Egalim 2, Varenne de l’eau, présidence française de l’UE : les prochaines priorités

Enfin, si le quinquennat s’achève dans un peu plus de trois mois, le travail se poursuivra jusqu’au dernier instant, insiste le ministre qui a fait la liste des « priorités non exhaustives ». Les négociations commerciales feront par exemple l’objet d’une attention particulière, avec la mise en œuvre de la loi Egalim 2, et les contrôles de la DGCCRF seront multipliés par quatre. Cependant, « le consommateur lui aussi a un rôle à jouer pour donner de la valeur l’agriculture », rappelle Julien Denormandie, et sur cette question, l’information sur l’origine est primordiale. Le décret pour imposer l’indication de l’origine des viandes dans toute la restauration hors domicile sera examiné le 11 janvier au Conseil d’État et pourra, s’il est validé, paraître dans la foulée, indique le ministre.

Parmi les autres grands chantiers figurent les travaux du Varenne de l’eau, dans le cadre de l’adaptation de l’agriculture au changement climatique. Dans ce cadre, le projet de loi sur la refonte du système d’assurance récolte doit être présenté le 6 janvier à la commission des Affaires économiques de l’Assemblée nationale, puis dans l’hémicycle la semaine prochaine, et le 10 février au Sénat « pour une adoption, je l’espère, dans la foulée », précise Julien Denormandie.
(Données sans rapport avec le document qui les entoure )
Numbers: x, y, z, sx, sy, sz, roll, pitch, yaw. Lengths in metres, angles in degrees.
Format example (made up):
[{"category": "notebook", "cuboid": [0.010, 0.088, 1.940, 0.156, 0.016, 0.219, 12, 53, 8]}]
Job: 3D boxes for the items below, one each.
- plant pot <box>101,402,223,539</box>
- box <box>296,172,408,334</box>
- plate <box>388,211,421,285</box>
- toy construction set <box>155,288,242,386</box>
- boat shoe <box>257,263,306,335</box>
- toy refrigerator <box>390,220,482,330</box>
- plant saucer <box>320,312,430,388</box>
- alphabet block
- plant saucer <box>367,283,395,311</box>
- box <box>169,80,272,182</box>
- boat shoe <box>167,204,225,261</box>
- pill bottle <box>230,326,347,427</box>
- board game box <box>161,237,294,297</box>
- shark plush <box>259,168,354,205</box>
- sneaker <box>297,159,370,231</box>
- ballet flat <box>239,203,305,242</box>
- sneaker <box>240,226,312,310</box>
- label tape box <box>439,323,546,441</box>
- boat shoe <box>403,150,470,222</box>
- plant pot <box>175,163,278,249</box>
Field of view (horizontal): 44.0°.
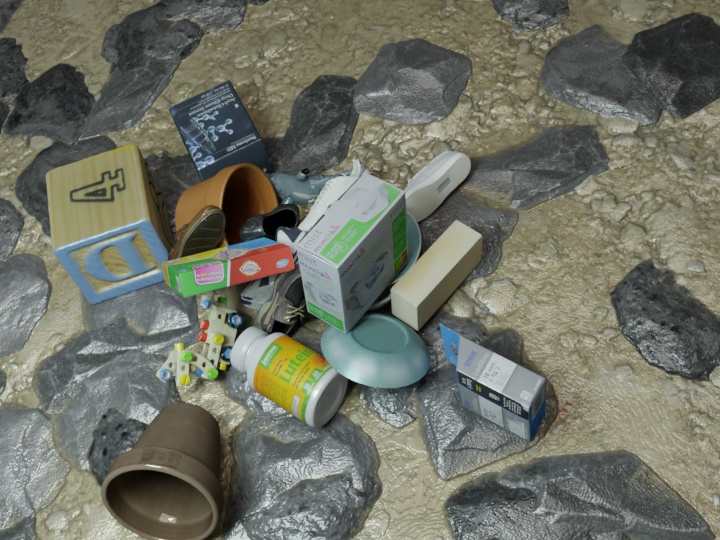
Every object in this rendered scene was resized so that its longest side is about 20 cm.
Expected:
[{"category": "plant pot", "cuboid": [-0.307, 0.319, 1.471, 0.195, 0.203, 0.177, 0, 40, 10]}, {"category": "box", "cuboid": [-0.010, -0.032, 1.527, 0.095, 0.178, 0.200, 27, 56, 25]}, {"category": "plate", "cuboid": [0.018, -0.044, 1.666, 0.195, 0.026, 0.204, -4, 58, 7]}, {"category": "toy construction set", "cuboid": [-0.283, 0.115, 1.609, 0.092, 0.129, 0.204, 19, 92, 61]}, {"category": "boat shoe", "cuboid": [-0.123, 0.062, 1.600, 0.073, 0.201, 0.074, -3, 57, -30]}, {"category": "toy refrigerator", "cuboid": [0.138, 0.006, 1.629, 0.069, 0.077, 0.200, 32, 62, 27]}, {"category": "plant saucer", "cuboid": [0.030, 0.125, 1.551, 0.196, 0.039, 0.203, 8, 33, -5]}, {"category": "alphabet block", "cuboid": [-0.486, -0.091, 1.750, 0.192, 0.197, 0.203, -17, 55, -3]}, {"category": "plant saucer", "cuboid": [0.000, 0.000, 1.686, 0.195, 0.051, 0.204, -5, 57, 8]}, {"category": "box", "cuboid": [-0.296, -0.276, 1.884, 0.146, 0.108, 0.202, -26, 57, -8]}, {"category": "boat shoe", "cuboid": [-0.307, -0.054, 1.611, 0.071, 0.201, 0.069, 2, 48, -40]}, {"category": "pill bottle", "cuboid": [-0.129, 0.179, 1.558, 0.197, 0.112, 0.112, 27, 66, 25]}, {"category": "board game box", "cuboid": [-0.231, -0.008, 1.540, 0.196, 0.041, 0.152, -15, 14, -22]}, {"category": "shark plush", "cuboid": [-0.111, -0.170, 1.794, 0.195, 0.084, 0.092, 1, 54, 10]}, {"category": "sneaker", "cuboid": [-0.056, -0.135, 1.750, 0.199, 0.081, 0.076, -39, 21, -23]}, {"category": "ballet flat", "cuboid": [-0.158, -0.086, 1.717, 0.056, 0.068, 0.199, -2, 14, 29]}, {"category": "sneaker", "cuboid": [-0.147, -0.015, 1.680, 0.198, 0.079, 0.132, -35, 41, 34]}, {"category": "label tape box", "cuboid": [0.206, 0.187, 1.473, 0.197, 0.145, 0.064, 26, 67, 25]}, {"category": "boat shoe", "cuboid": [0.130, -0.170, 1.765, 0.200, 0.072, 0.068, -46, 39, -11]}, {"category": "plant pot", "cuboid": [-0.265, -0.100, 1.725, 0.137, 0.201, 0.204, -2, 55, 28]}]

Enfin, dans le cadre de la présidence française de l’Union européenne, Julien Denormandie, qui présidera le premier conseil des ministres de l’agriculture le 17 janvier, sera particulièrement attentif aux distorsions de concurrence au sein du marché commun. Il souhaite notamment avoir une vue d’ensemble des différents plans stratégiques nationaux, à partir de mars (à ce jour, seuls une quinzaine de pays ont rendu leur PSN). Plus globalement, les clauses miroirs et la réciprocité des normes seront un des principaux sujets que la France mettra sur la table.